Offensive line advantage: Mizzou

Quarterback advantage: Mizzou

Running back advantage: Ole Miss

Wide Receiver advantage: Mizzou

Special Teams

Last week in this space I correctly predicted that Mizzou would probably block a kick against Murray State. Don’t look for that to happen this week. The SEC athletes will be much better than those in the OVC. Also, with SEC Freshman of the Week McCluster returning kicks, anything could happen. The Rebels return their punter and kick-off specialist from a year ago. The only question mark could be freshman kicker Joshua Shene, but his track record is impressive: Overall Kicking Champion at the 2006 National Punting and Kicking Competition Expo (maybe Pinkel should check that event out some time) and No. 2-rated kicker by Scout.com last season. Sounds like a solid group to me.

Advantage: Ole Miss

Bottom Line

This won’t be the cake-walk that many Mizzou fans foolishly seem to think it will be. In fact, I see no reason for all the brash predictions of a blow-out. Last time I checked, we’re still Mizzou and these are the types of games we usually lose. Should we win on paper? You bet. Will we win? That’s harder to say. But I have faith that the Tigers can get it done. Chase is the type of player who steps up in big games and while Willis is an amazing talent, he can’t guard four receivers and a running back on every play. I think Mizzou wins it in a nail-biter, 30-28.


Mark M. said...

From a Rebel, I think that is a pretty fair analysis of the game. It seems apparent that you've done your homework on Ole Miss (noted by the fact that you are aware of the Jerrell Powe situation).

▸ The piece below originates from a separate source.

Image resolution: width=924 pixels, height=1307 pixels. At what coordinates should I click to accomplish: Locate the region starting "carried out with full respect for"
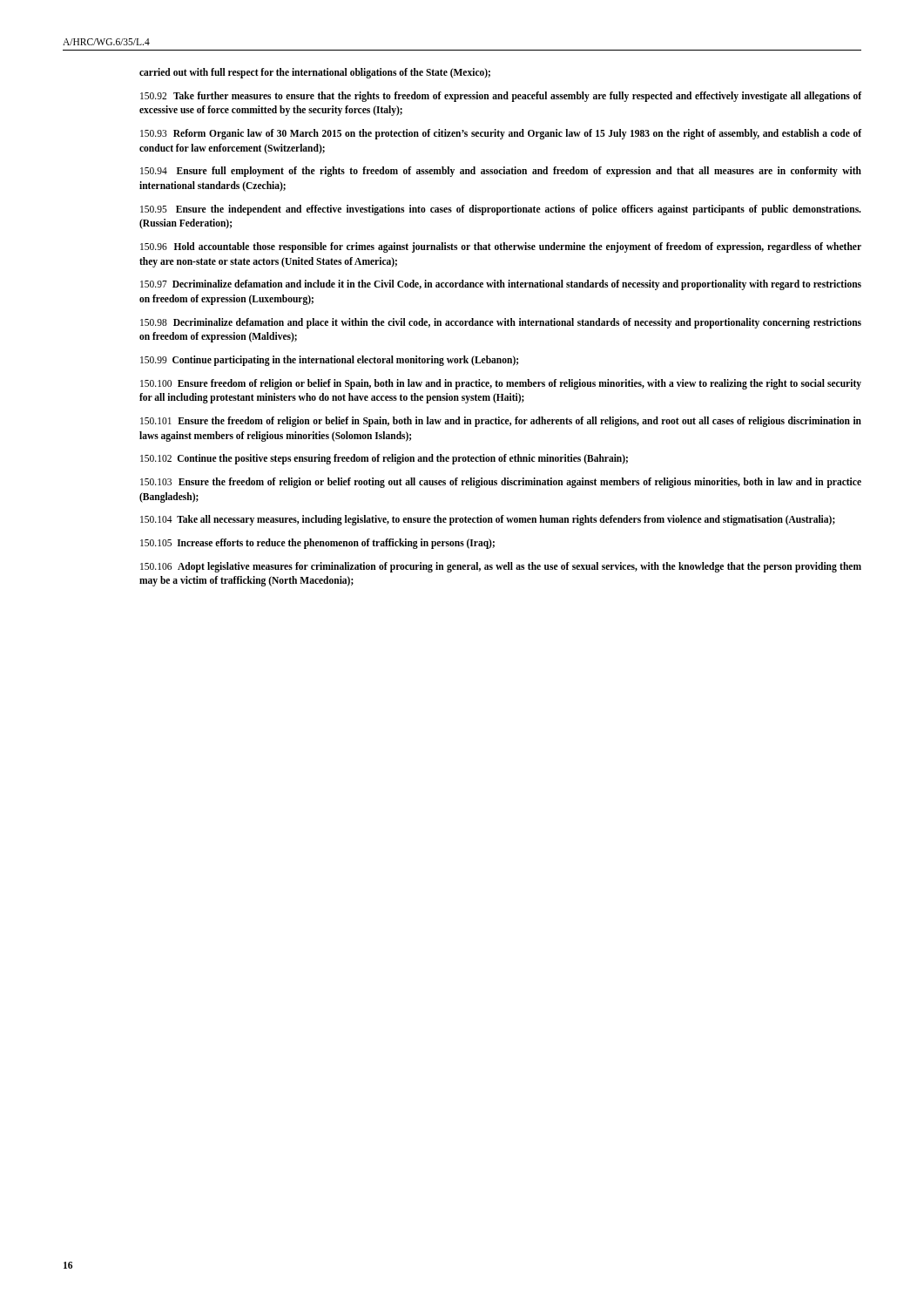point(315,72)

With that said, I thought you would have better appreciated Schaeffer's 'game management' in our opener; a real sign of leadership.

To me this is a VERY intriguing match up and one that WILL propel the winner to a better than expected (at least from outsiders) season, and will place the loser in a situation where they can't afford to lose any of the 'shoulda' games to attain their goals for the season.

Rocky Miskelly said...

Excellent fair assesment. By the way, Ed has 4 (FOUR) count 'em 4 NC rings, two at usc and 2 at Miami.

KellerReb said...

solid analysis, should be a great game to watch. probably a lot of points scored as Ole Miss struggled on D last week, but their Offense started to get comfortable after the first couple of drives. I look forward to watching Chase Daniel, as I am from Keller, TX, just down the road from where he played high school ball. Should be exciting, HOTTY TODDY!

fingokra said...

All in all I would say this is a fair assessment. I think you are underestimating Schaeffer base on his passing numbers against Memphis and overestimating Daniel. I am not emplying that Daniel isn't a fine player, or that Ole Miss will shut him down. It should be noted though Ole Miss's defense although obviously suspect is still much better than Murray St.

Also as someone has already stated "Coach O" has four NC rings. Werner (new OC) and Kehoe (new OLC) have seven more between them. Speaking of Kehoe, don't underestimate the difference he has made with the OL. Missouri is considerably more experienced, but Ole Miss's OL is improving by leaps and bounds. I wouldn't be as quick to give Missouri the nod here, as you might think.

One final note/correction, you state that the Ole Miss defensive backfield is relatively inexperienced. This simply isn't true. They didn't play well against Memphis, and there is little to no experienced depth. However, three of the four starters are back from last year. They are quite experienced.

PWILL said...

Nice write up, very good assesment. I'm sick and tired of Mizzou losing games like this as it's been going on for the last several years. Can we please, finally win all of our non-con games? Hopefully lining up and practicing against Brad Smith has our defense somewhat prepared for Schaeffer.